Large-scale genetic studies such as the Huntington’s GWAS “have revolutionized the way we identify the underlying genetic drivers of repeat expansion disorders,” CEO Bermingham stated in the news release about SHIELD HD. “Our targeted approach is based on results from these studies with our internal research providing insight into the central role the DDR mechanism plays in these diseases. Our approach has the potential to address a broad range of repeat disorders addressing unmet medical needs for hundreds of thousands of patients.”

 

As Bermingham stated in the BioBoss podcast, the potential now exists to treat large numbers of diseases with the same drug.

 

According to Dr. Antonijevic, the number of REDs is actually increasing: scientists are discovering new disease genes, and a growing number of existing disease genes are now known to undergo somatic instability. She believes that ranking them by number of affected people is not helpful, in part because for each diseased person there can be many more asymptomatic gene carriers.

 

For example, there are an estimated 41,000 HD-affected individuals in the U.S., and more than 200,000 at risk for having inherited the gene. Some 140,000 people in the U.S. suffer from myotonic dystrophy type 1, and, Dr. Antonijevic noted, additional people are at risk.
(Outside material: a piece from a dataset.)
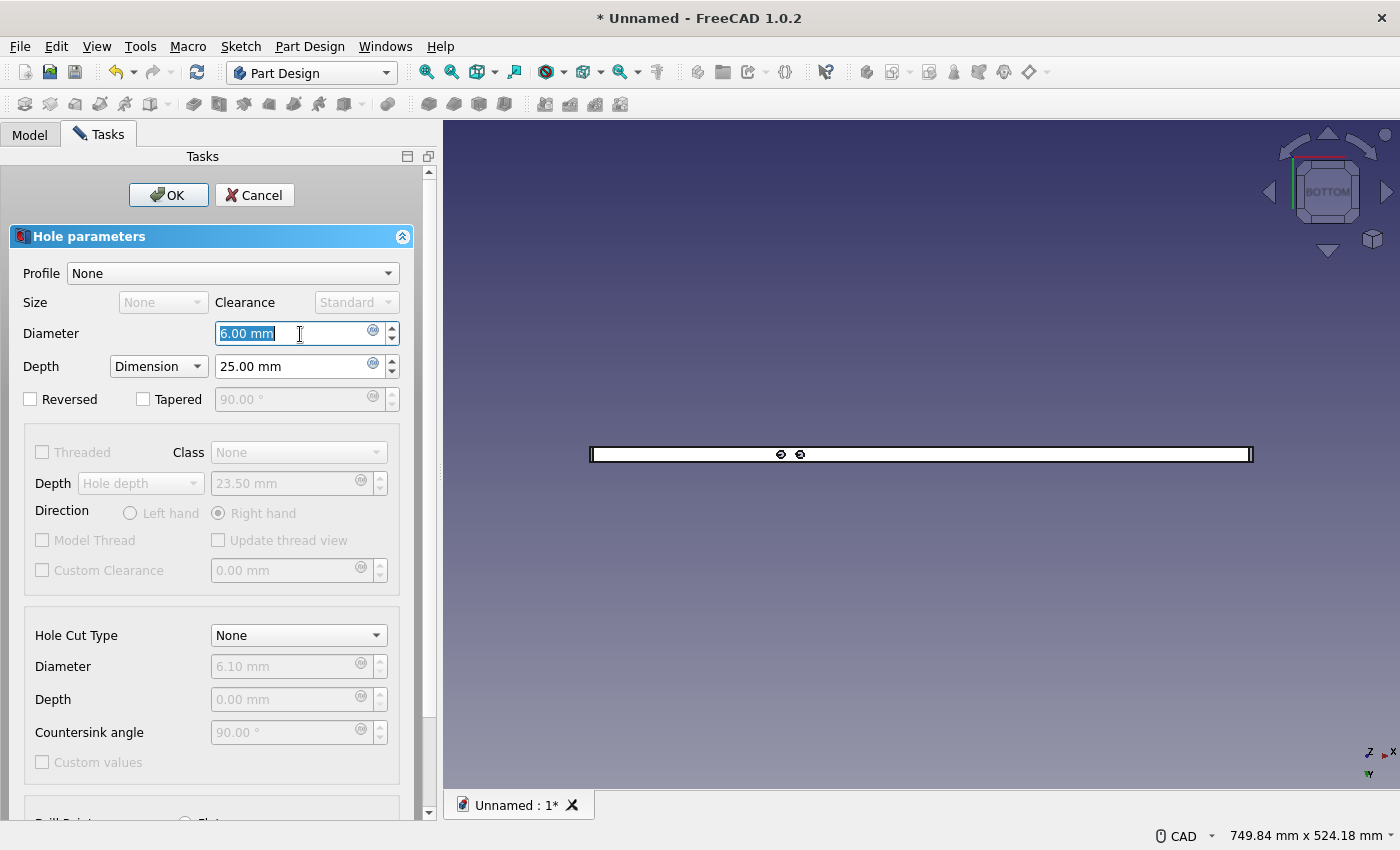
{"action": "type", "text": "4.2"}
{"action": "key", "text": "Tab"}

Myotonic dystrophy type 1 symptoms include skeletal muscle weakness and myotonia (difficulty relaxing muscles after use), cardiac dysfunction, respiratory dysfunction, excessive daytime sleepiness, cataracts, and other abnormalities.

 

The focus on a one-drug-for-all approach distinguishes Triplet from other companies that have developed ASOs against a specific disease gene, she added.

 

Previously, scientists have sought a way to address energy loss in HD-affected brain cells and other disorders such as epilepsy as a possible path to a common drug to correct the problems in bioenergetics (click here and here to read more), but without success so far.

 

To further its strategy, on August 18 Triplet announced that it would take part in a large international natural history study of myotonic dystrophy type 1 aimed at deepening understanding of the disorder and developing therapies.

 

Rescuing neurons – and people

 

Despite the COVID-19 pandemic, SHIELD HD – the natural history study ­– is “definitely on schedule,” Antonijevic told me. Dr. Bettencourt said that Triplet plans to provide a report on its research, including SHIELD HD, at the 2021 HD Therapeutics Conference.

 

Triplet’s plan for a Phase 1/2 trial of TTX-3360 in 2021 is exciting news for the HD community and beyond – not just for individuals with diseases caused by repeat expansion disorders, but for the hundreds of thousands of asymptomatic gene carriers (like me) fearful of their futures.

 

As Dr. Antonijevic said to Holder, “We think that, by intervening early, we could rescue more neurons and have ultimately hopefully a greater therapeutic benefit.”

 

The Triplet drug development program became possible because of the decades of research by scientists around the globe – and the participation of thousands of HD families in research studies.

 

A growing number of companies are competing to develop HD therapies. However, thanks to CHDI’s nonprofit role, academic researchers, and the overall ethos of the HD cause, researchers have collaborated in remarkable ways.

 

The HD community can take great comfort and pride in the hope that its efforts can potentially benefit so many other rare and neurological disease communities.

 

More than ever, #CureHD can become a dream fulfilled.